CASE expressions, strings, and dates — SQL Module 8

Real datasets are messy. CASE expressions, string functions, and date arithmetic are the daily tools for cleaning, classifying, and time-bucketing.

CASE WHEN

sql

SELECT first_name,
       CASE 
         WHEN total_spent > 1000 THEN 'high'
         WHEN total_spent > 100  THEN 'mid'
         ELSE 'low'
       END AS segment
FROM customers;

If/else inside a query. Often used inside aggregations to count specific categories:

sql

SELECT 
  COUNT(*) AS total,
  COUNT(CASE WHEN country = 'Kenya' THEN 1 END) AS kenya_count,
  AVG(CASE WHEN country = 'Kenya' THEN total_amount END) AS kenya_avg_amount
FROM orders;

String functions

LOWER(s), UPPER(s) — case conversion
TRIM(s), LTRIM, RTRIM — strip whitespace
CONCAT(a, b) or a || b — string concatenation
SUBSTRING(s FROM x FOR y) — extract substring
REPLACE(s, old, new) — find-and-replace
LENGTH(s) — character count
POSITION(sub IN s) — find substring location
REGEXP_REPLACE(s, pattern, replacement) — full regex (Postgres)

Date functions

sql

-- Truncate to month: 2024-03-15 → 2024-03-01
SELECT date_trunc('month', created_at) AS month, COUNT(*)
FROM orders
GROUP BY 1
ORDER BY 1;

-- Difference in days
SELECT id, AGE(NOW(), created_at) AS days_since_signup
FROM customers;

Different databases use different functions (date_trunc in Postgres, strftime in SQLite, DATE_TRUNC in BigQuery).
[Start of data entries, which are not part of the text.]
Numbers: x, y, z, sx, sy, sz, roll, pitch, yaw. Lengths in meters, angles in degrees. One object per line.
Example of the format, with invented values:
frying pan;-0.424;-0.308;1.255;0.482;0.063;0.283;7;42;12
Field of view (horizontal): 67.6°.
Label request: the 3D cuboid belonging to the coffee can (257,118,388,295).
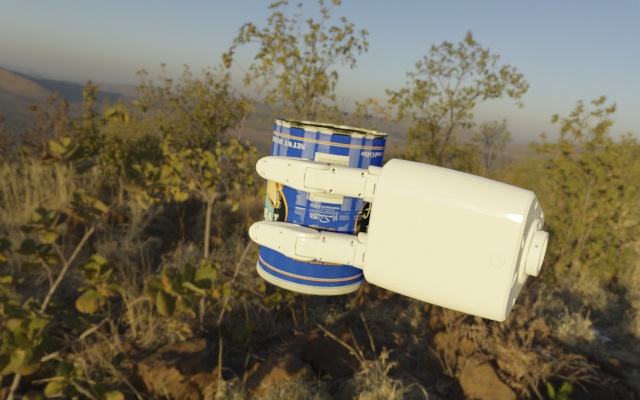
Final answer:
coffee can;0.000;0.002;0.440;0.103;0.140;0.102;8;12;-2

The concepts are universal: truncate to a period, compute differences, extract parts (year, month, dow).

Always store timestamps in UTC

Time zone confusion is a top-10 source of bugs in analytics. Store everything in UTC, convert at display time. If you have to mix zones, use TIMESTAMPTZ in Postgres and be explicit.

Exercise

Bucket customers into 'new' (<30 days), 'active' (<180 days), or 'inactive' based on their last order date.